**THE PROBLEM:** Given the entries that follow, write out exactly the lines starting at the one containing "text De Vincenzi" and ending at the one containing "text Ma perché?", both ends included, and only those.

**EXERCISE DATA:**
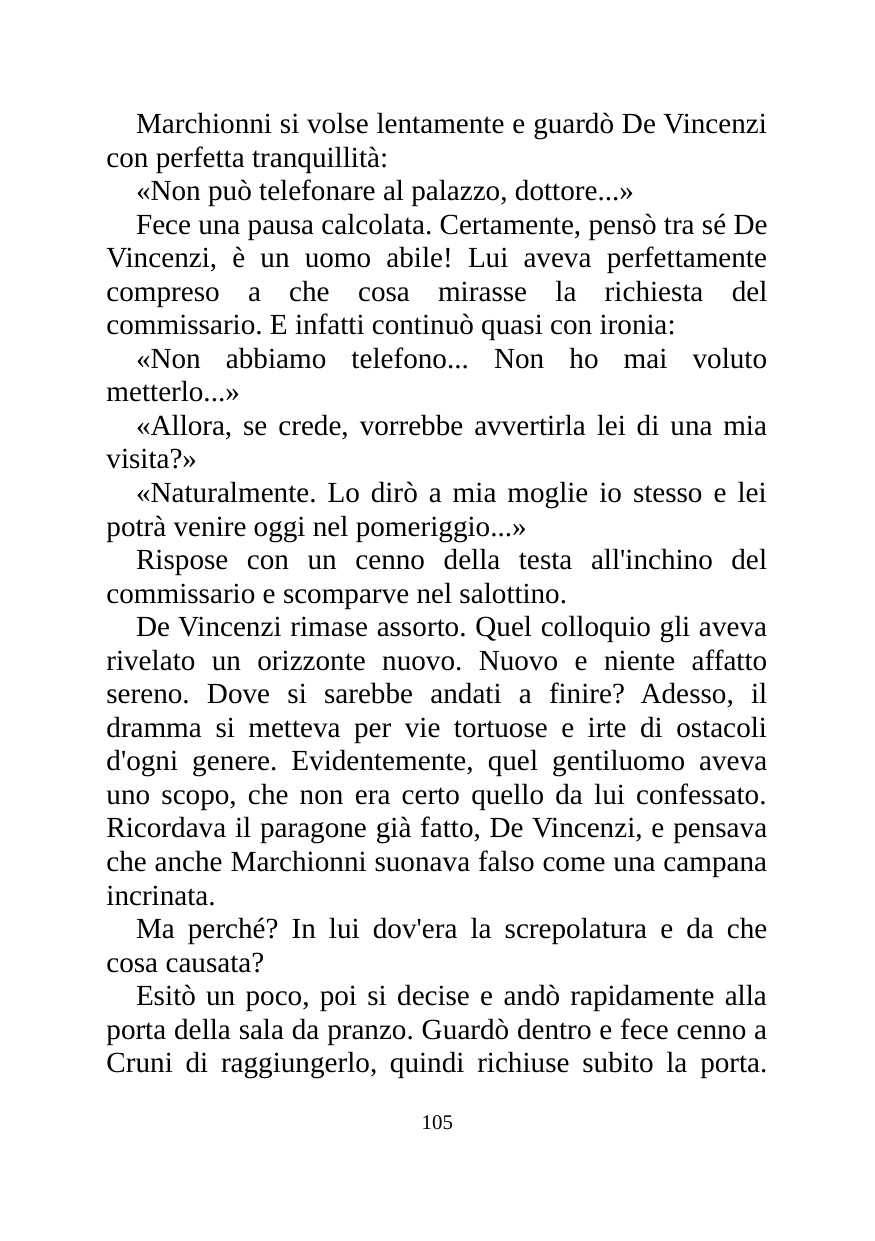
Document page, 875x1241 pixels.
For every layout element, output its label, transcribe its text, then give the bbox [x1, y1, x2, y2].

text «Non abbiamo telefono... Non ho mai voluto metterlo...» [106, 341, 768, 408]
text «Allora, se crede, vorrebbe avvertirla lei di una mia visita?» [106, 408, 768, 475]
text Esitò un poco, poi si decise e andò rapidamente alla porta della sala da pranzo. Guardò dentro e fece cenno a Cruni di raggiungerlo, quindi richiuse subito la porta. [106, 978, 768, 1079]
text Marchionni si volse lentamente e guardò De Vincenzi con perfetta tranquillità: [106, 106, 768, 173]
text De Vincenzi rimase assorto. Quel colloquio gli aveva rivelato un orizzonte nuovo. Nuovo e niente affatto sereno. Dove si sarebbe andati a finire? Adesso, il dramma si metteva per vie tortuose e irte di ostacoli d'ogni genere. Evidentemente, quel gentiluomo aveva uno scopo, che non era certo quello da lui confessato. Ricordava il paragone già fatto, De Vincenzi, e pensava che anche Marchionni suonava falso come una campana incrinata. [106, 609, 768, 911]
text Ma perché? In lui dov'era la screpolatura e da che cosa causata? [106, 911, 768, 978]
text «Naturalmente. Lo dirò a mia moglie io stesso e lei potrà venire oggi nel pomeriggio...» [106, 475, 768, 542]
text «Non può telefonare al palazzo, dottore...» [106, 173, 768, 207]
text Rispose con un cenno della testa all'inchino del commissario e scomparve nel salottino. [106, 542, 768, 609]
text Fece una pausa calcolata. Certamente, pensò tra sé De Vincenzi, è un uomo abile! Lui aveva perfettamente compreso a che cosa mirasse la richiesta del commissario. E infatti continuò quasi con ironia: [106, 207, 768, 341]

**YOUR RESPONSE:**
text De Vincenzi rimase assorto. Quel colloquio gli aveva rivelato un orizzonte nuovo. Nuovo e niente affatto sereno. Dove si sarebbe andati a finire? Adesso, il dramma si metteva per vie tortuose e irte di ostacoli d'ogni genere. Evidentemente, quel gentiluomo aveva uno scopo, che non era certo quello da lui confessato. Ricordava il paragone già fatto, De Vincenzi, e pensava che anche Marchionni suonava falso come una campana incrinata. [106, 609, 768, 911]
text Ma perché? In lui dov'era la screpolatura e da che cosa causata? [106, 911, 768, 978]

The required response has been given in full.